Growing security concerns have prompted Immigration and Customs Enforcement officials to advise employees against using the Zoom videoconferencing service.
Agency employees and contractors have been told not to install the client software on any ICE equipment or use it for internal agency conversations, according to an April 9 internal memo from ICE CIO Rachelle Henderson.
Henderson cited public reports indicated that "vulnerabilities with the Zoom client showed that it can install client and server software on its host without the host's approval." That client software vulnerability, she wrote, "puts shared mission or sensitive data, the video feed, and audio feeds in jeopardy of eavesdropping, possibly recording, and defacement."
ICE employees can still join Zoom meetings initiated from outside the agency if they don't share or upload agency information and if the connection is through a browser such as Chrome that doesn't require installing the Zoom client software, the memo said.
Henderson advised ICE staff to use Skype or Microsoft Teams for video calling to both internal and external users. ICE, said the memo, is also implementing the WebEx platform for larger video conferencing needs.

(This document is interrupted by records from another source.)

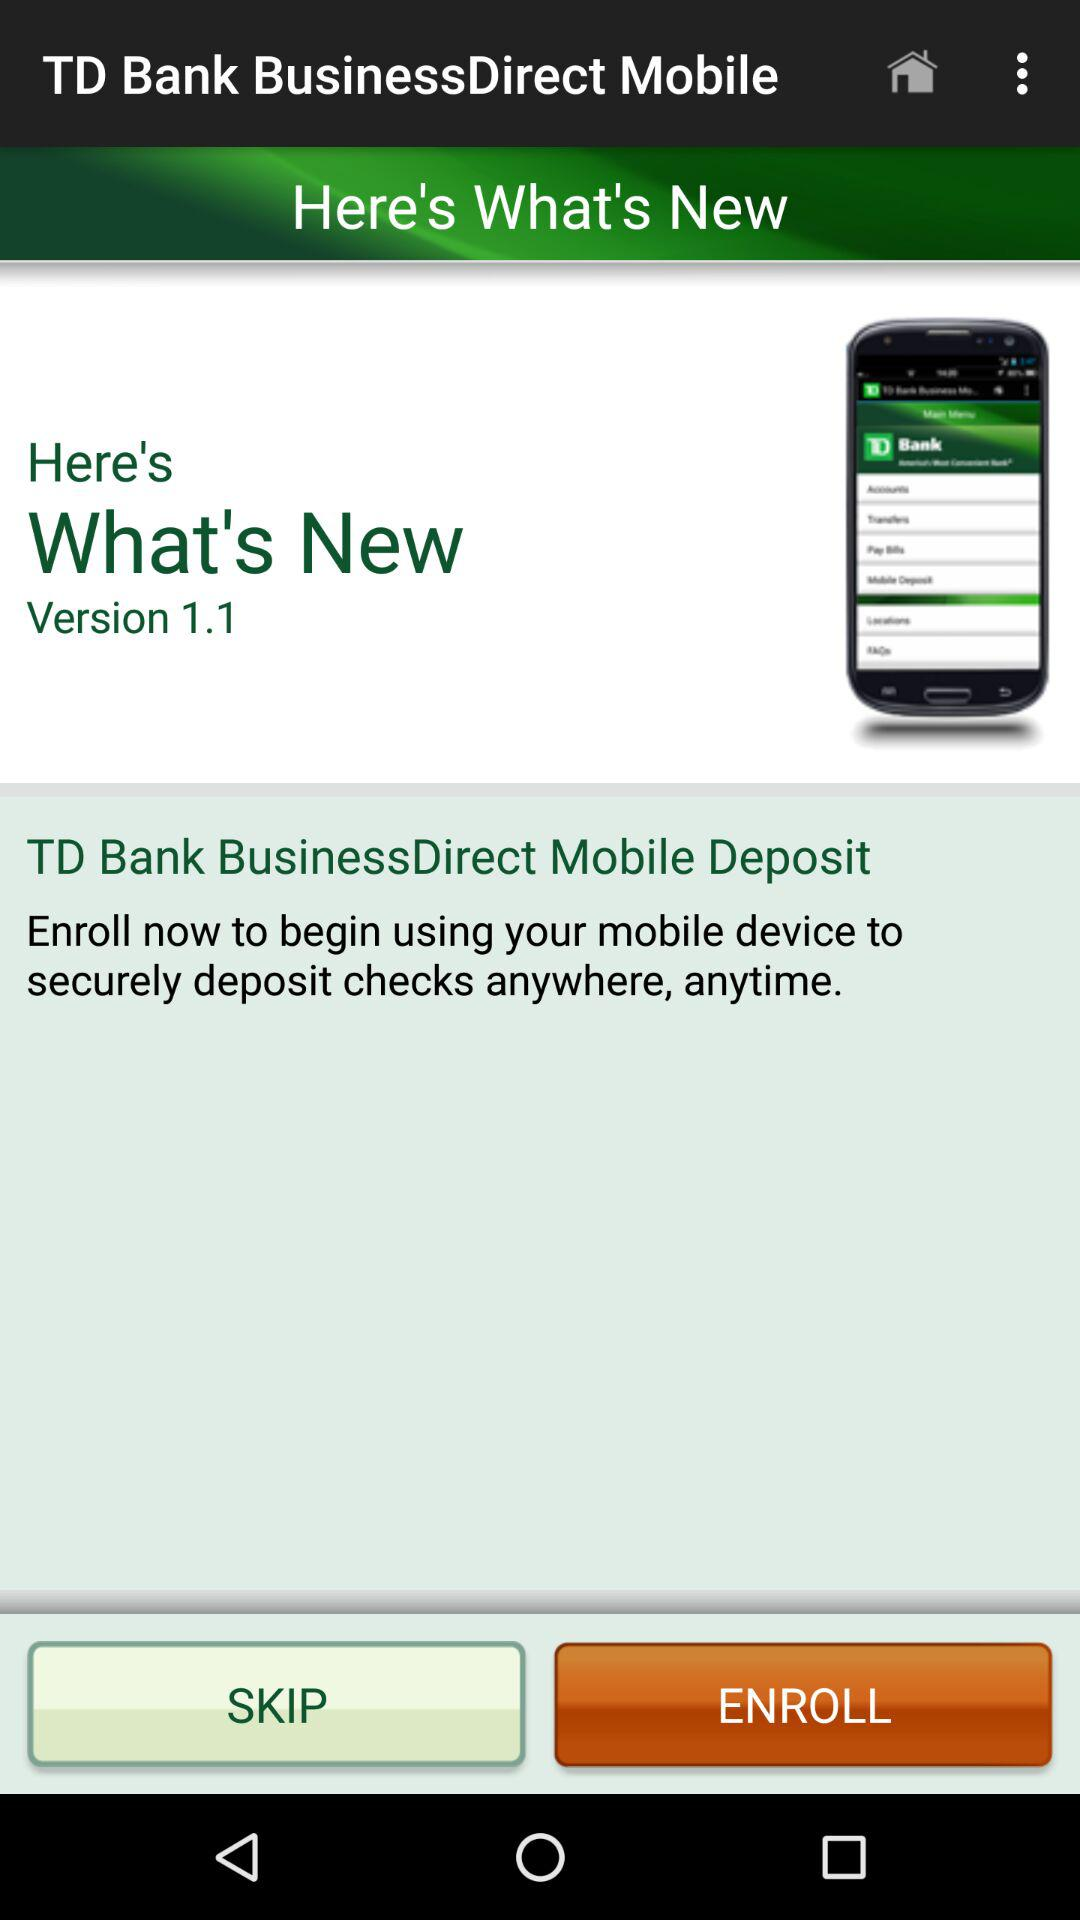What is the name of the application? The name of the application is "TD Bank BusinessDirect Mobile". 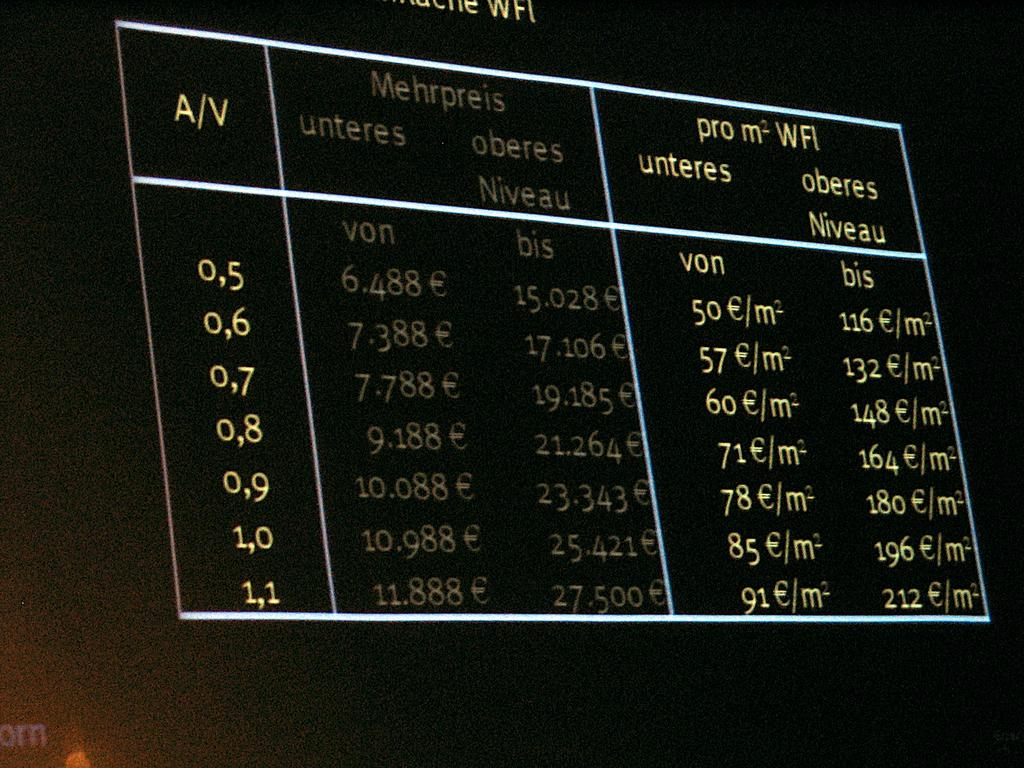<image>
Offer a succinct explanation of the picture presented. black screen with numbers in columns for A/V, Mehrpreis, and pro m2WFI 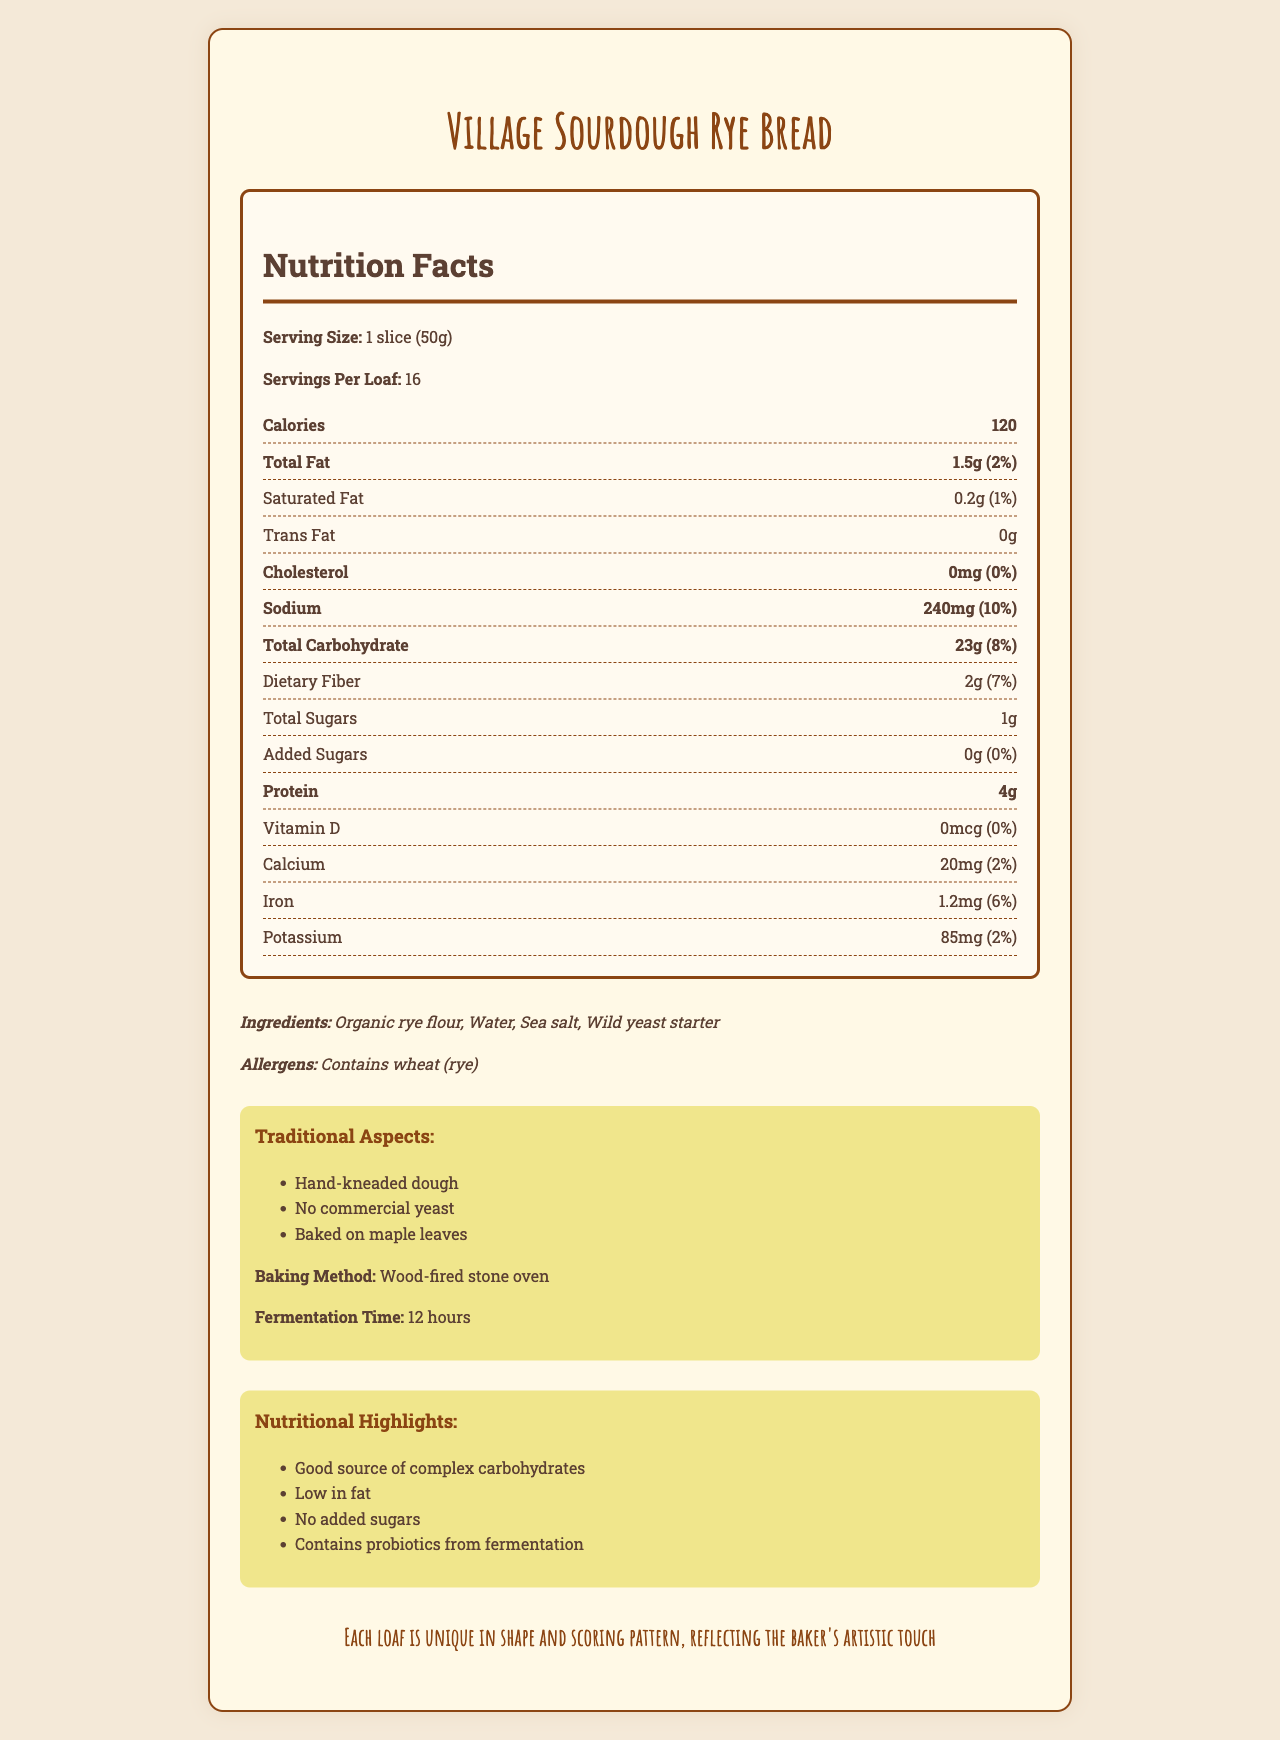what is the serving size for Village Sourdough Rye Bread? The serving size is clearly listed as 1 slice (50g) in the nutrition facts section.
Answer: 1 slice (50g) how many servings are there per loaf? The document states there are 16 servings per loaf.
Answer: 16 how much protein does each serving contain? Under the nutrition facts, protein content per serving is 4g.
Answer: 4g what is the fermentation time for Village Sourdough Rye Bread? It is mentioned under the traditional aspects and highlights sections as 12 hours.
Answer: 12 hours what ingredients are used in this bread? The ingredients section lists Organic rye flour, Water, Sea salt, and Wild yeast starter.
Answer: Organic rye flour, Water, Sea salt, Wild yeast starter which nutrient in this bread has the highest daily value percentage? Sodium has the highest daily value percentage at 10%.
Answer: Sodium how many calories are there per serving? The nutrition facts section lists 120 calories per serving.
Answer: 120 how is the bread baked? A. Electric oven B. Gas oven C. Wood-fired stone oven D. Microwave The bread is baked in a wood-fired stone oven as mentioned in the traditional aspects section.
Answer: C which of the following is NOT a nutritional highlight of this bread? A. Good source of complex carbohydrates B. High in sugar C. Low in fat D. Contains probiotics from fermentation Option B ("High in sugar") is not a nutritional highlight. The document states it is low in fat, a good source of complex carbohydrates, and contains probiotics from fermentation.
Answer: B does this bread contain added sugars? The nutrition facts section states that the bread has 0g of added sugars.
Answer: No describe the main idea of the document. The document gives a comprehensive overview of nutrition facts, traditional baking methods, and artisanal notes, emphasizing its simple ingredients and health benefits.
Answer: The main idea is to provide detailed nutritional information and traditional aspects of Village Sourdough Rye Bread, including its ingredients, baking method, and nutritional highlights. when was the village mill where the flour is sourced established? The document does not provide any information regarding when the village mill was established.
Answer: Cannot be determined

ICE is the latest federal agency to warn its users to steer clear of the free Zoom teleconferencing. Federal agencies began to take note of the use of Zoom as the push towards wider use of telework began in March. The FBI cautioned at the end of March that some Zoom teleconferences were being "zoom-bombed" by unauthorized participants. It warned that new users of the services should familiarize themselves with the details of accessing it.
The General Services Administration and the Department of Homeland Security's Cybersecurity and Infrastructure Security Agency (CISA) are pointing feds interested in using Zoom away from the free version and toward the Zoom for Government service, which has been approved by the Federal Risk and Authorization Management Program and which is available through GSA's acquisition schedules.
"The Zoom for Government (government community cloud) platform is FedRAMP Authorized at the Federal Information Security Modernization Act (FISMA) moderate level," said a joint statement from GSA and CISA. "CISA and FedRAMP issued joint best practices to federal departments and agencies about the use of the Zoom for Government conferencing software on federal IT systems."
A Zoom spokesperson clarified in an April 10 email that Zoom for Government "is a distinct product and a separate platform not connected in any way to the Zoom Commercial platform" and is housed in a separate Amazon Web Services cloud hosted solely in the U.S. and accessible by the U.S. government and authorized contractors.